A story on Self.com tells the important story of a young boy who tragically died of a sepsis infection.
Rory Staunton was in middle school gym class when he dove for a ball and fell, cutting his arm in the process, his family tells SELF. He ended up developing the life-threatening complication after his cut became infected.Rory’s gym teacher didn’t wash his wound—instead, he just put two Band-Aids on it, Rory’s mom, Orlaith, tells SELF. The next day, Rory had a high fever, so his parents took him to the pediatrician. “He was very weak,” Orlaith says. “He was leaning on me coming into the pediatrician’s office.”
But Rory’s pediatrician and a hospital in New York City diagnosed him with a stomach virus and sent him home. However, his fever stayed high and he seemed to get worse overnight. His parents called his pediatrician again, who said her main concern was that he get fluids. “I heard my husband say to her, ‘You don’t get it—he can’t even sit up and take the fluids,’” Orlaith recalls. “That evening, he began to turn yellow and his nose was turning blue.” He was rushed back to the hospital, where he was admitted to the ICU. It turned out that Rory had gone into septic shock due to his immune system’s response to bacteria that had entered his blood through the cut in his arm. He died there on a Sunday night, less than a week after he fell in his class.

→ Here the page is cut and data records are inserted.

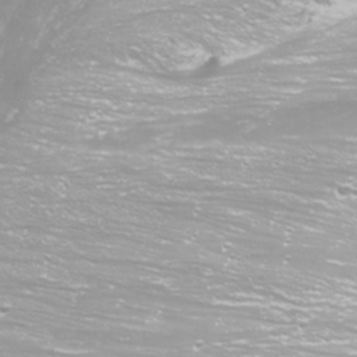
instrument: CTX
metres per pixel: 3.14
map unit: Nhu
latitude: -11.8611
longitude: -63.2348
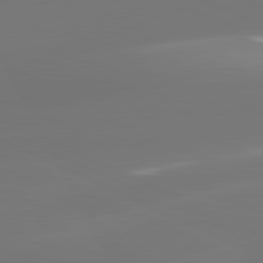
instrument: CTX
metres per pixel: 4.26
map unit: lApd
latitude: 81.5749
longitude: -164.8380
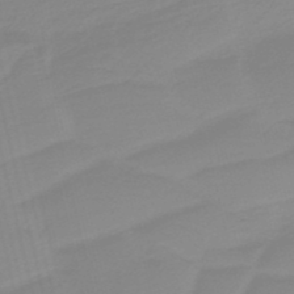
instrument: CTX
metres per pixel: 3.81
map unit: HNb
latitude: -36.2361
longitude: 55.2565
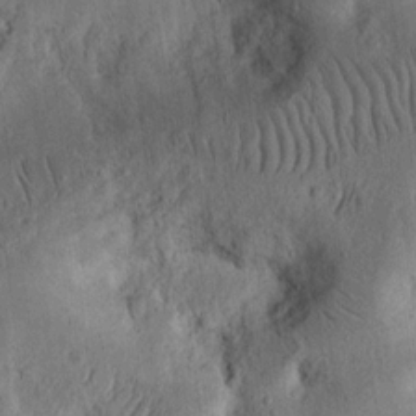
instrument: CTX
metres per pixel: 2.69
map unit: Ht
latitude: 13.8961
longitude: -74.1011
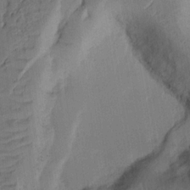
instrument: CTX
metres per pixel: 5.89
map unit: Ht
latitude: 9.8583
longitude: -78.2145

Today Rory's family runs the Rory Staunton Foundation for Sepsis Prevention—and is making history with its push for sepsis education and awareness.
Sepsis is one of the 10 most common causes of death by disease in the U.S., according to data from the Centers for Disease Control and Prevention and it can affect people of any age. The life-threatening condition affects more than a million Americans each year, per the National Institute of General Medical Sciences and up to 30 percent of those people die from the condition.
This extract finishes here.